Physics and provocative romance novels may seem like strange bedfellows, yet Bradley has always enjoyed reading the genre and a range of others, including literary fiction, nonfiction and memoirs.

"I think people who are surprised that I write romance are people who don't have a picture of how vast the genre really is," she says.

"I used to feel really defensive about the fact that people would do the 'wink wink, nudge nudge' when they heard I wrote romance," Bradley says. "The readers are really, really smart, hardworking and they read a lot, so if people outside the genre don't respect that, I'm never going to convince them that it deserves respect."

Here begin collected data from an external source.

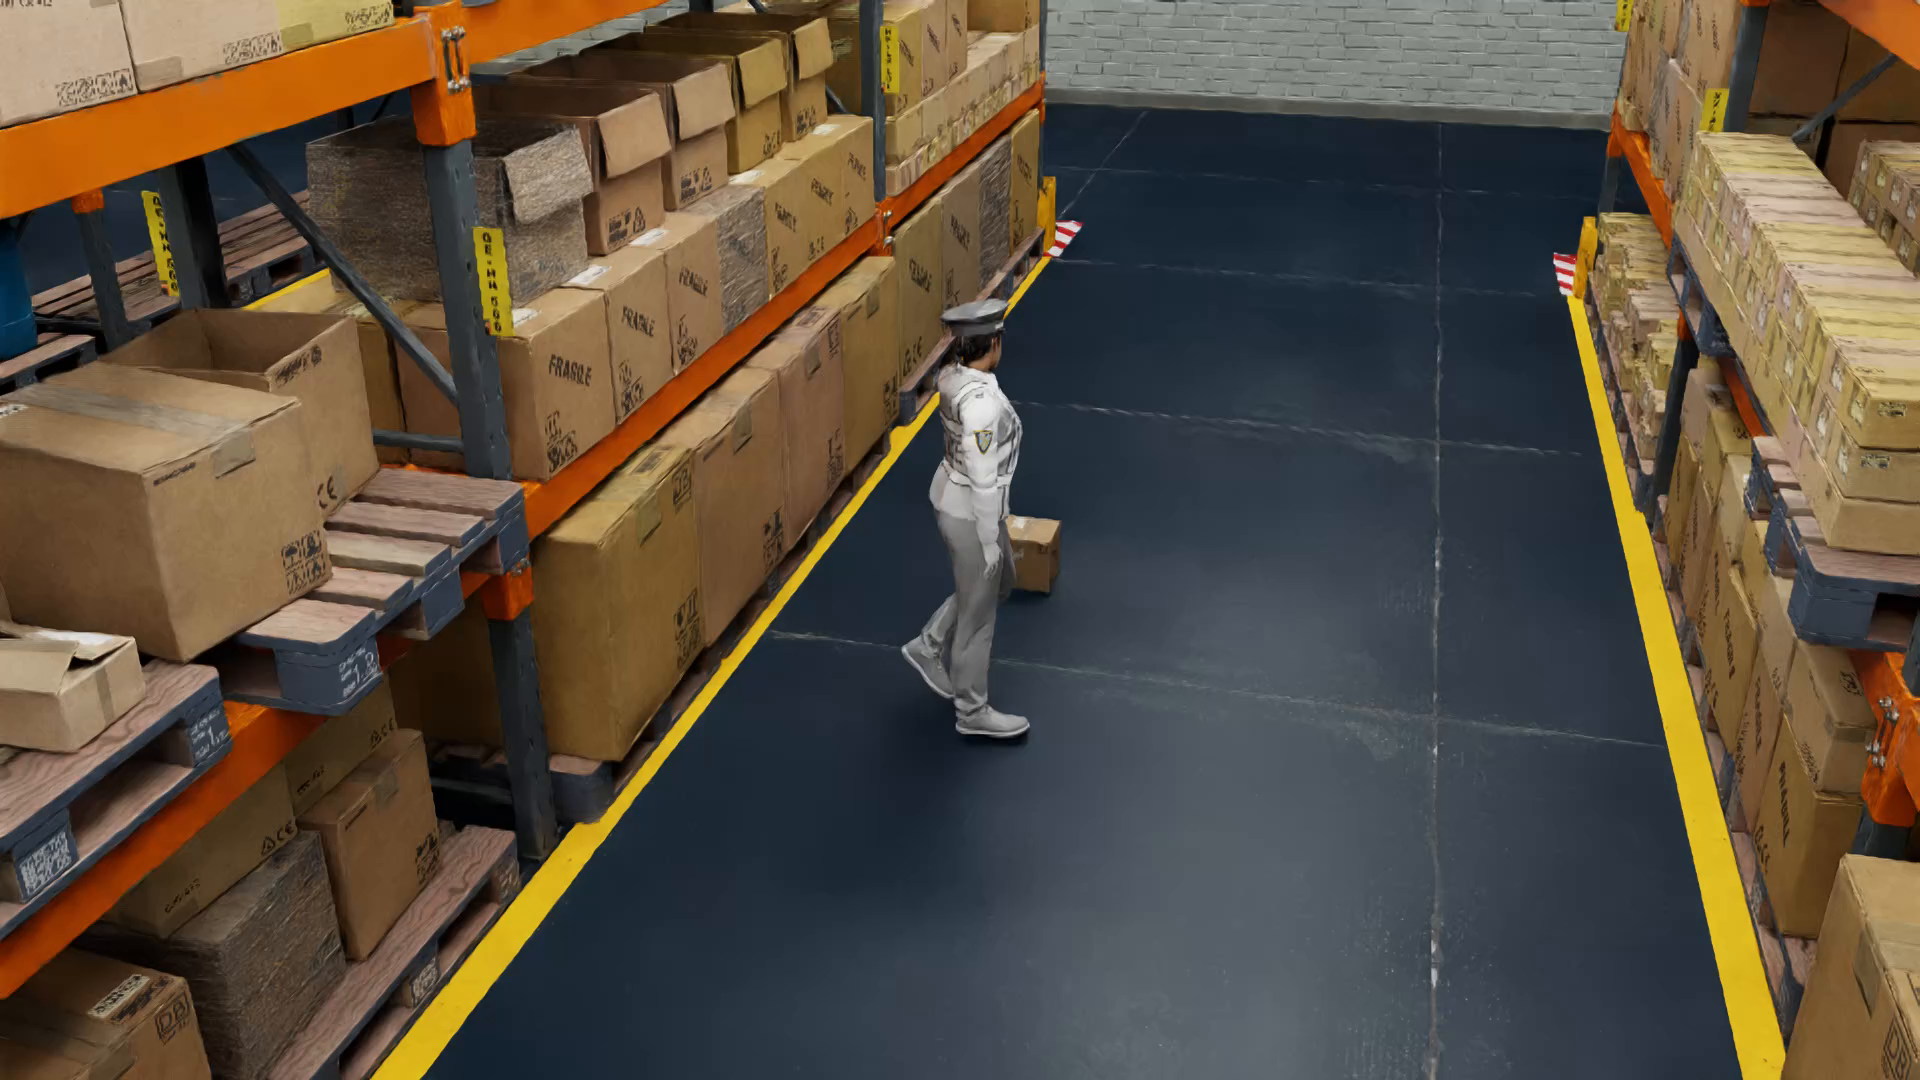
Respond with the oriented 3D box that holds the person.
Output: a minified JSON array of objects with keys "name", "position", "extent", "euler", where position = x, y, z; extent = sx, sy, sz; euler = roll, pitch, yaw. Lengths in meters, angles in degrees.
[{"name":"person","position":[0.024,-0.083,6.255],"extent":[0.438,1.647,0.552],"euler":[-4,26,-9]}]
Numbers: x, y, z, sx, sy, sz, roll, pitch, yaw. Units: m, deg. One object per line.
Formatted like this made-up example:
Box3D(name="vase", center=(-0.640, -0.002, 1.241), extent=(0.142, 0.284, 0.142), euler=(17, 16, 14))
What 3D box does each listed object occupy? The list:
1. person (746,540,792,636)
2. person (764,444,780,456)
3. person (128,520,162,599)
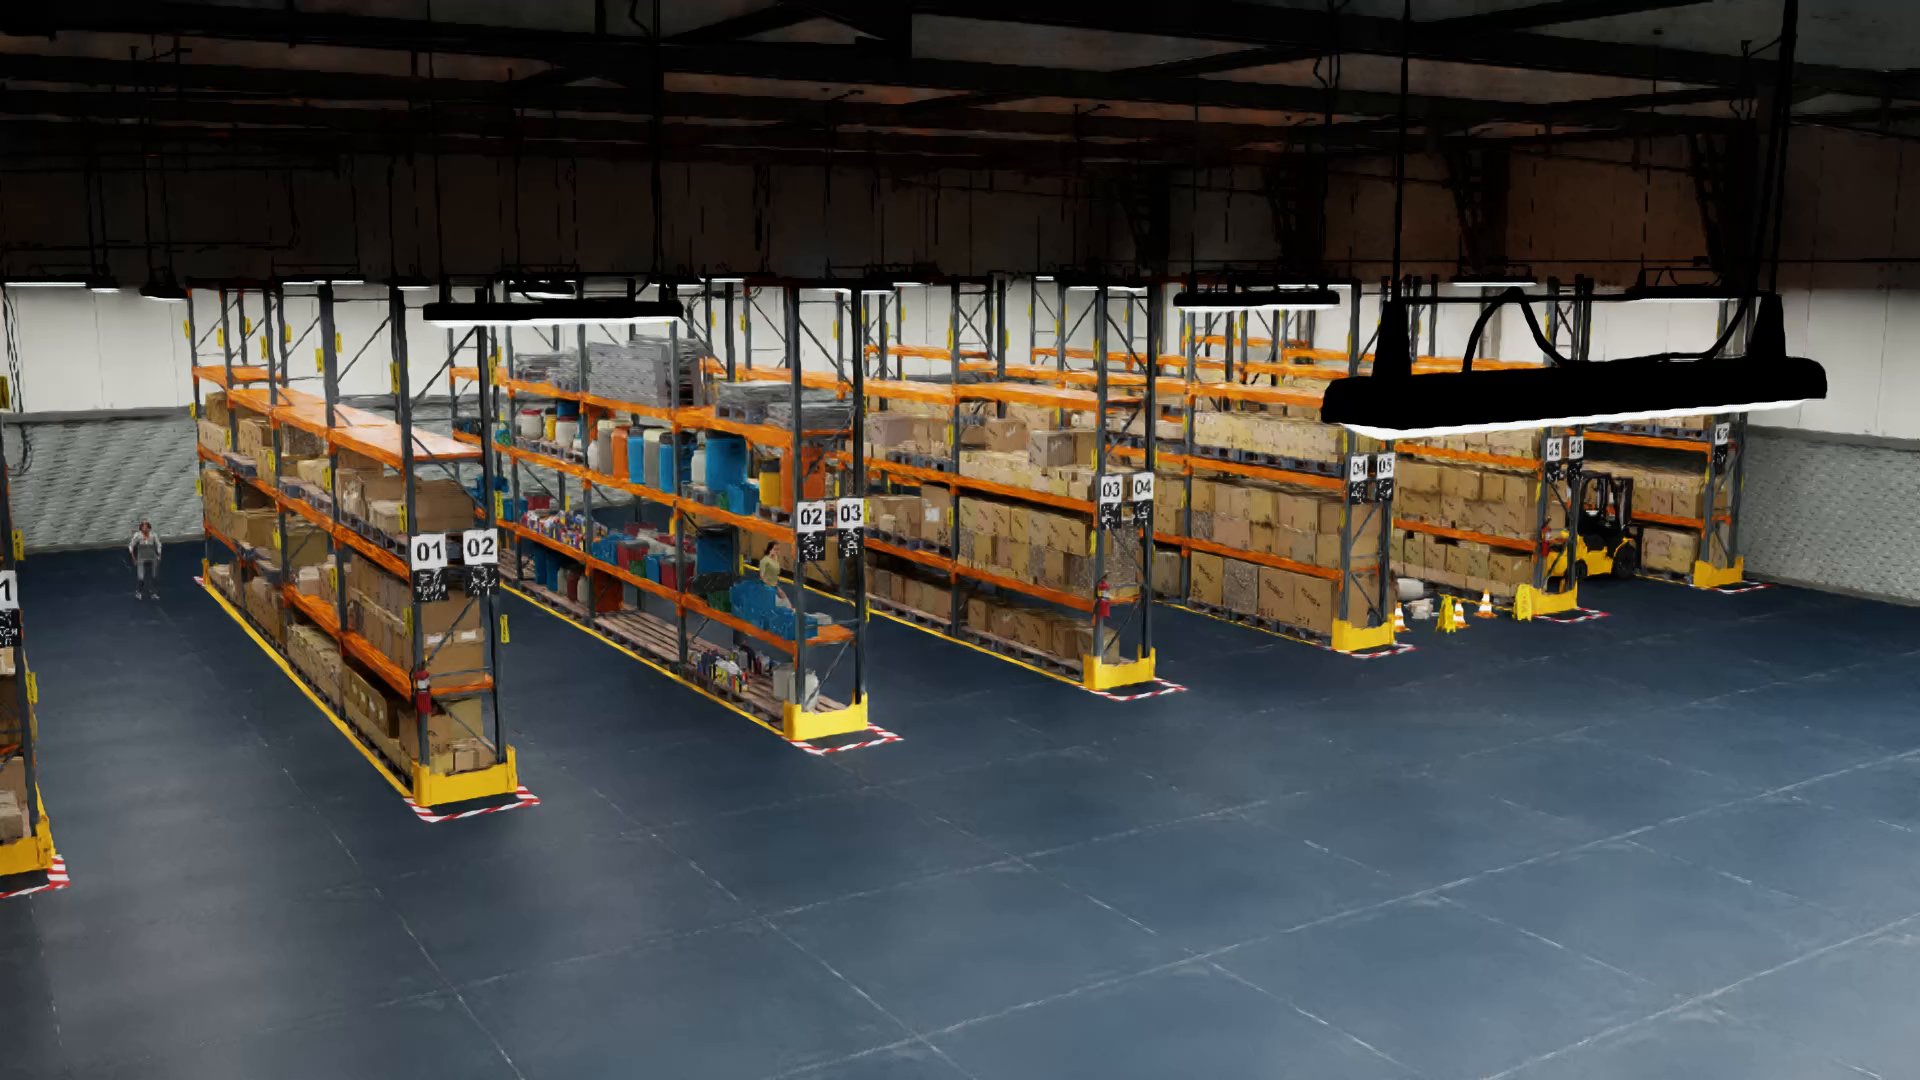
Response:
Box3D(name="person", center=(-3.089, 0.777, 26.923), extent=(0.805, 1.588, 0.626), euler=(7, 12, 35))
Box3D(name="person", center=(-4.734, -1.588, 42.235), extent=(0.657, 1.791, 0.479), euler=(4, 10, 21))
Box3D(name="person", center=(-15.274, 0.372, 31.206), extent=(0.566, 1.541, 0.519), euler=(-7, 12, -34))

Splitting her focus between teaching science and writing creatively isn't something she's kept from her SFCC colleagues or students, and the dual profession isn't unusual for other romance writers. Bradley specifically chose not to write under a pen name because maintaining two separate identities would be impossible for her to manage. She'd rather be open about her writing with students, colleagues and family. So instead, to keep her scientific work distinguishable, Bradley added her middle name, Maria, to her romance author byline.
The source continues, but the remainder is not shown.